The devaluation of Sterling in 1967, the withdrawal from the Pool by France in the same year and the escalation of the Vietnam War in 1968 combined to overwhelm the London Gold Pool. The role of France in its breakdown is particularly interesting. The French leader, General de Gaulle, had opposed Bretton Woods since it established the dollar as the world’s reserve currency. In 1965 he outlined his views on gold and reserve currencies in a celebrated speech:
“We hold as necessary that international exchange be established… on an indisputable monetary base that does not carry the mark of any particular country. What base? In truth, one does not see how in this respect it can have any criterion, any standard, other than gold. Yes, gold, which does not change in nature, which is made indifferently into bars, ingots and coins, which does not have any nationality, which is held eternally and universally…”
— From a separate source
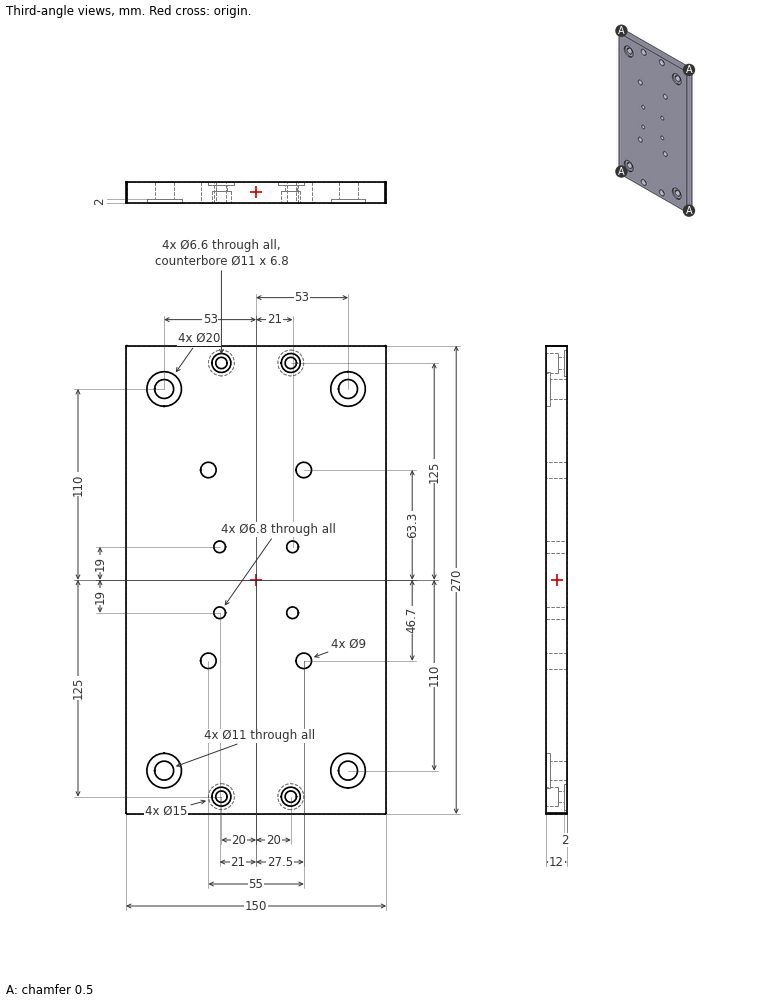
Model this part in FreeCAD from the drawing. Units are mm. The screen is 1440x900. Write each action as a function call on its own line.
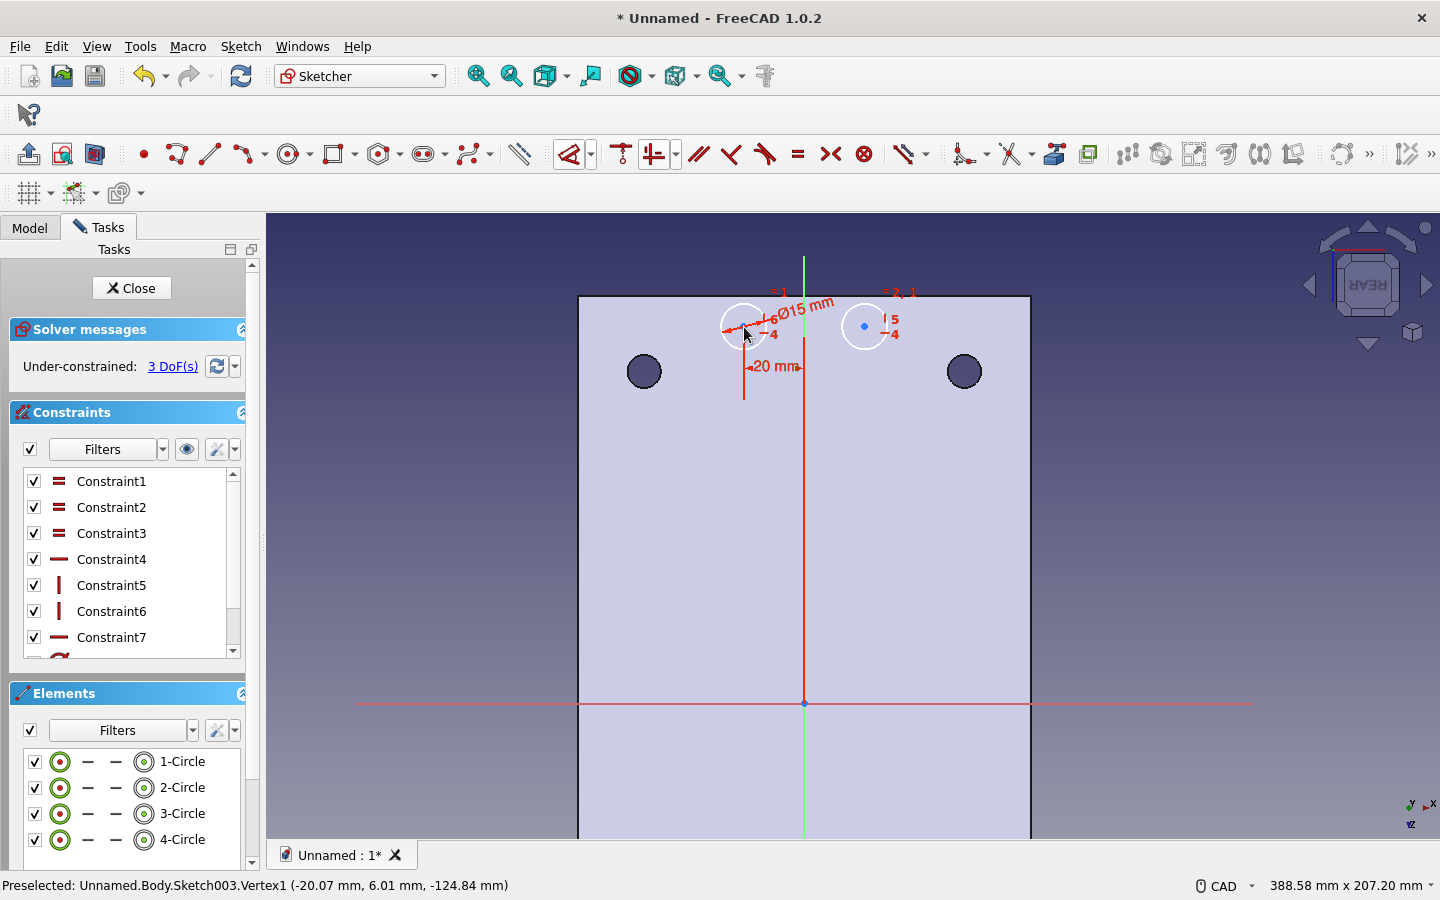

On Friday, 8 March 1968, the London Gold Pool lost 100 tonnes of gold, compared with 5 tonnes on a normal day. Two days later, Federal Reserve Chairman, William McChesney Martin, declared his intention to defend the dollar’s value “down to the last ingot”. The US authorities airlifted several cargoes of gold to London, but on Wednesday and Thursday of the following week, the Pool lost more than 400 tonnes of gold. On the Thursday night, the Queen declared a Bank Holiday for the following day and Chancellor of the Exchequer, Roy Jenkins, closed the London gold market “on the request of the United States”.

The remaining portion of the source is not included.